● MATERIALS PROVIDED:
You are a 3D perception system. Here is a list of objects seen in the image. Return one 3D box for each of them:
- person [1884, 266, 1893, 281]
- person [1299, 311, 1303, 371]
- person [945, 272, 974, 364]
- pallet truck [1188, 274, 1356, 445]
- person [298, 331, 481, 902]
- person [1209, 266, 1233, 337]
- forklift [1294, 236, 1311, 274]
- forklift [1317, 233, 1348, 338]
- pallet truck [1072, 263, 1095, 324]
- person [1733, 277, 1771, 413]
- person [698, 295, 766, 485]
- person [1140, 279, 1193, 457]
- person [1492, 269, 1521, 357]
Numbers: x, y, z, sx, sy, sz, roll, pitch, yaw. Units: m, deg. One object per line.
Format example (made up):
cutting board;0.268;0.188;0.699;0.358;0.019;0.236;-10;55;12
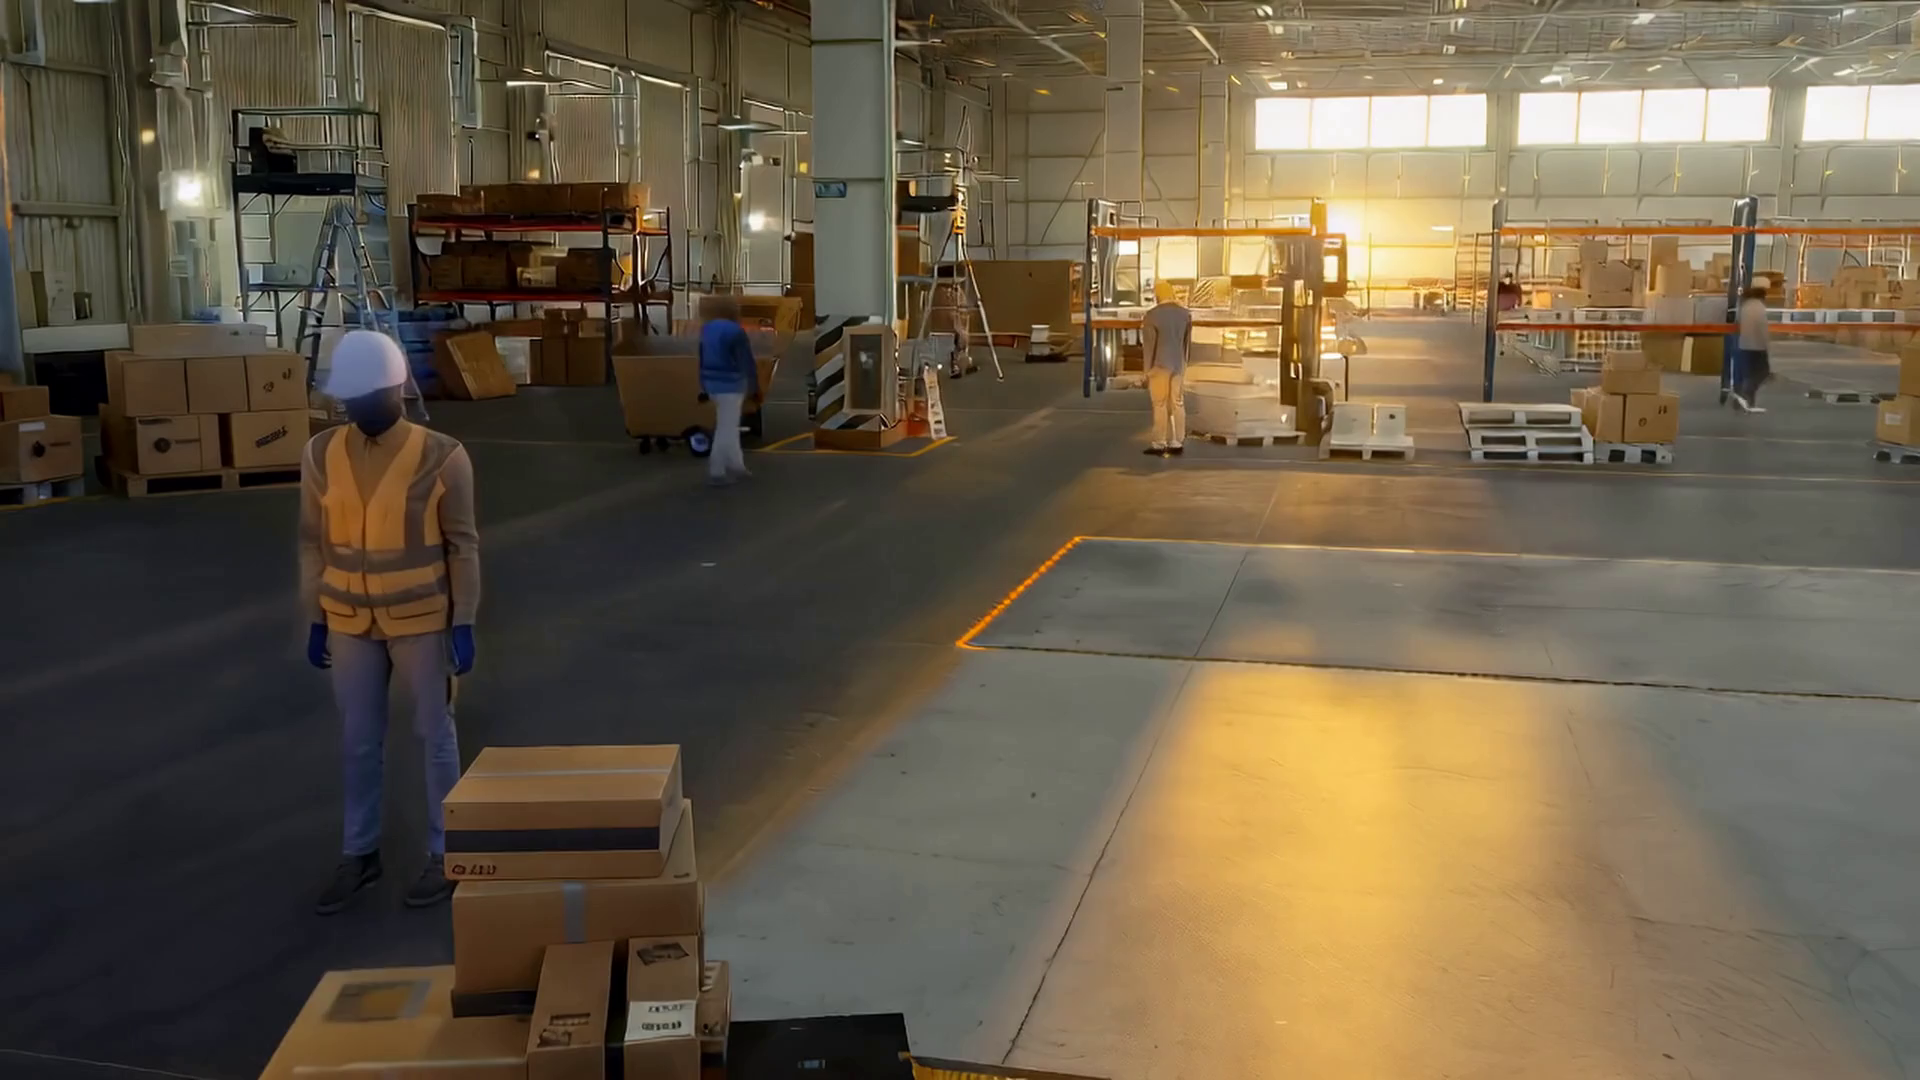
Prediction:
person;28.454;-7.467;51.211;0.464;1.920;0.567;7;12;35
person;6.724;-4.101;31.912;0.484;1.739;0.319;-8;13;-40
person;0.001;-4.587;34.346;0.561;1.884;0.980;-3;10;-19
pallet truck;3.653;-2.138;19.590;1.885;1.965;0.823;-4;10;-20
person;-1.924;0.266;5.611;0.605;1.937;0.411;1;10;5
person;7.185;-6.563;45.844;0.628;1.935;0.367;3;10;15
forklift;10.611;-7.959;51.265;1.873;2.768;1.129;-2;10;-12
forklift;9.748;-6.755;44.179;1.129;2.768;1.873;2;10;10
pallet truck;4.325;-8.180;55.162;0.823;1.965;1.885;6;11;31
person;11.069;-2.700;23.143;0.442;1.908;0.621;0;10;0
person;-2.166;-1.447;16.075;0.822;1.812;0.642;-9;13;-42
person;2.246;-1.875;18.225;0.627;1.936;0.377;-5;11;-27
person;11.996;-4.984;36.578;0.636;1.924;0.445;1;10;7

● PROMPT: Transcribe the entries word for word, without their pictures.

● EXPECTED OUTPUT:
You are a 3D perception system. Here is a list of objects seen in the image. Return one 3D box for each of them:
- person [1884, 266, 1893, 281]
- person [1299, 311, 1303, 371]
- person [945, 272, 974, 364]
- pallet truck [1188, 274, 1356, 445]
- person [298, 331, 481, 902]
- person [1209, 266, 1233, 337]
- forklift [1294, 236, 1311, 274]
- forklift [1317, 233, 1348, 338]
- pallet truck [1072, 263, 1095, 324]
- person [1733, 277, 1771, 413]
- person [698, 295, 766, 485]
- person [1140, 279, 1193, 457]
- person [1492, 269, 1521, 357]
Numbers: x, y, z, sx, sy, sz, roll, pitch, yaw. Units: m, deg. One object per line.
Format example (made up):
cutting board;0.268;0.188;0.699;0.358;0.019;0.236;-10;55;12
Prediction:
person;28.454;-7.467;51.211;0.464;1.920;0.567;7;12;35
person;6.724;-4.101;31.912;0.484;1.739;0.319;-8;13;-40
person;0.001;-4.587;34.346;0.561;1.884;0.980;-3;10;-19
pallet truck;3.653;-2.138;19.590;1.885;1.965;0.823;-4;10;-20
person;-1.924;0.266;5.611;0.605;1.937;0.411;1;10;5
person;7.185;-6.563;45.844;0.628;1.935;0.367;3;10;15
forklift;10.611;-7.959;51.265;1.873;2.768;1.129;-2;10;-12
forklift;9.748;-6.755;44.179;1.129;2.768;1.873;2;10;10
pallet truck;4.325;-8.180;55.162;0.823;1.965;1.885;6;11;31
person;11.069;-2.700;23.143;0.442;1.908;0.621;0;10;0
person;-2.166;-1.447;16.075;0.822;1.812;0.642;-9;13;-42
person;2.246;-1.875;18.225;0.627;1.936;0.377;-5;11;-27
person;11.996;-4.984;36.578;0.636;1.924;0.445;1;10;7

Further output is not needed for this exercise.